I am not talking about DDD, and I will not adopt it for sure, but modelling a Business shares similarities.
AI can do diagrams, but this aren’t technical diagrams, neither solo diagrams made by one person.
This are Business Models that MUST be designed in real-time collaborative sessions between devs and business people, where business people will be the ones designing it and devs just asking relevant questions, otherwise we will want to think in technical terms and will let them slip into the Business Model, and that MUST NOT happen.

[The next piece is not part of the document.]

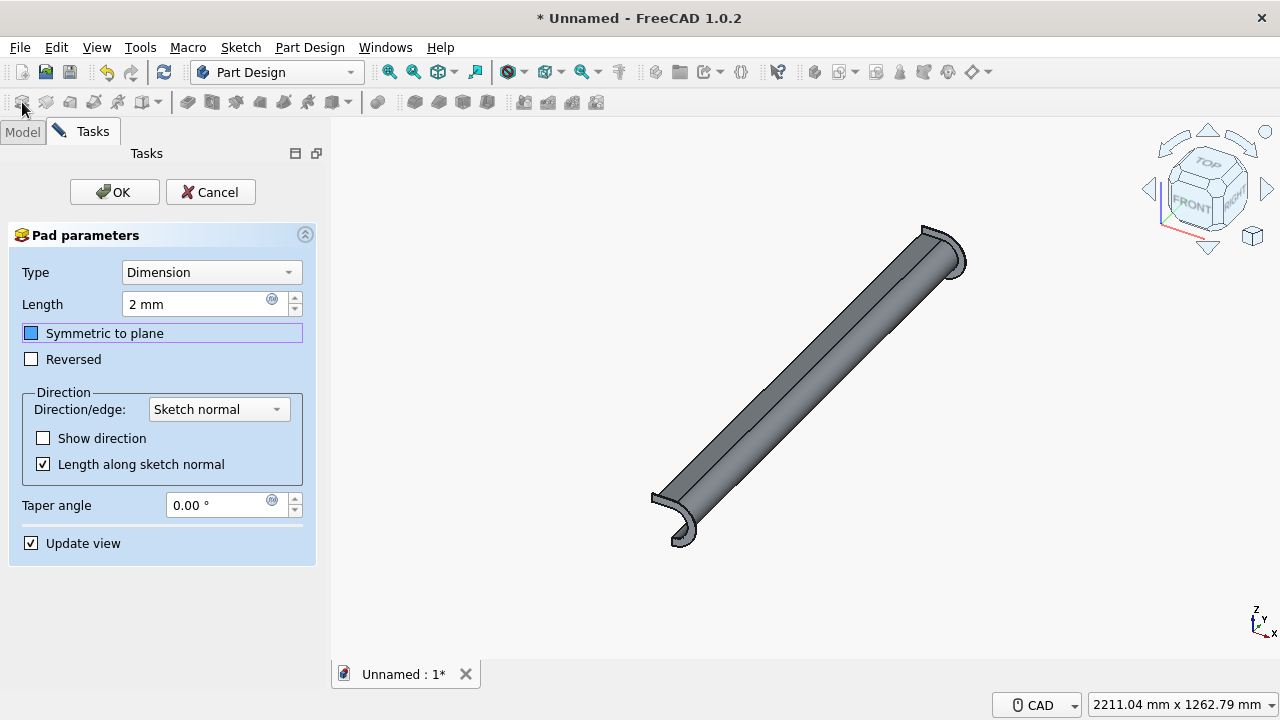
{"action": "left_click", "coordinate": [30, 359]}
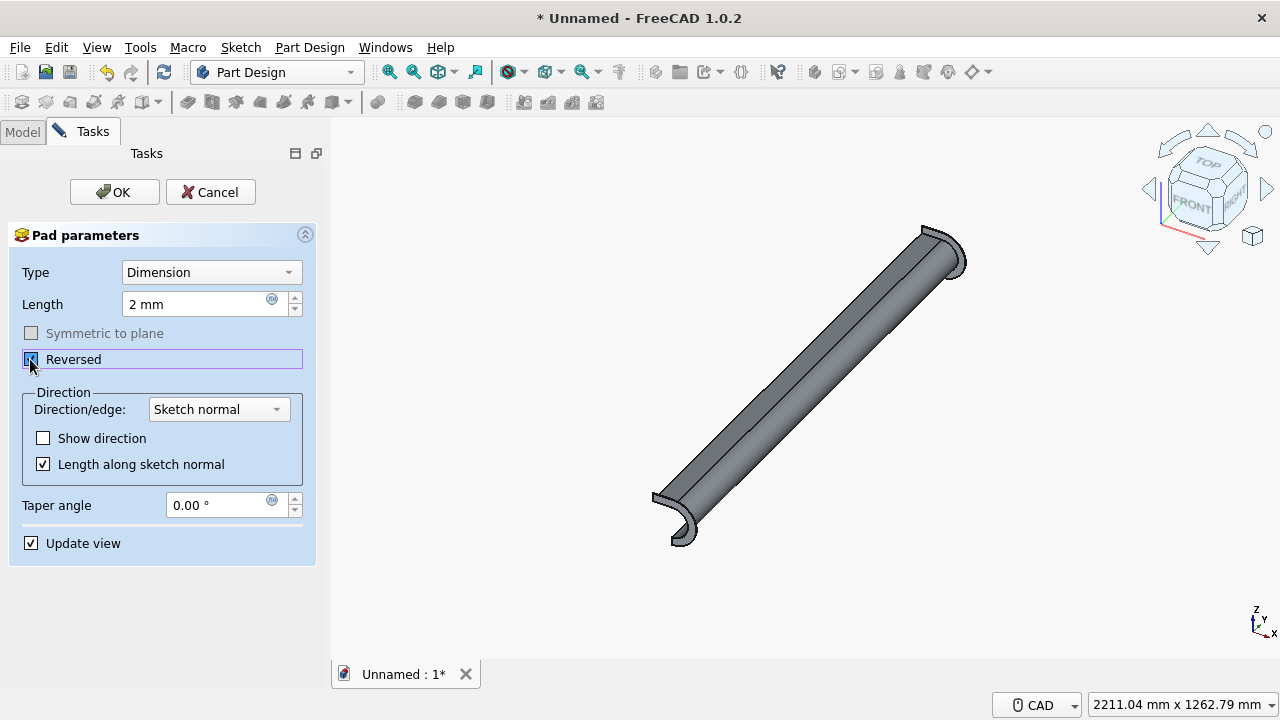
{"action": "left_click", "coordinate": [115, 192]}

This Business Model main goals are to bridge the gap between business and developers with a shared language that everyone understands and from where ambiguity MUST be removed. The Business Model will then be used by developers to implement the solution, and they can even use it to auto-generate the boilerplate code, and if you are using AI, then it is reasonably good at doing it from this models.
The Business Model is the source of truth that everyone can use in the organisation to refer to Business Capabilities, their processes, actions and how decisions are mad, based in which rules and what are the expected outcomes/facts. When this document isn’t representing any-more the real-world of the organisation it MUST be updated and a new version created.
Not to be a gatekeeper but “vibe engineering” strikes me as an oxymoron. Vibe is associated with loose and intuitional. Engineering is precise and provable. I can’t tell anyone else what to do or think but I do find the term “vibe engineering” a bit troubling.
It’s meant to distinguish between “vibe coding”, which anyone with access to an LLM can do — irrespective of their technical acumen — and whatever else you might call what an experienced developer who knows how to properly use LLMs is capable of doing.
Does that make sense, or would like like me to elaborate?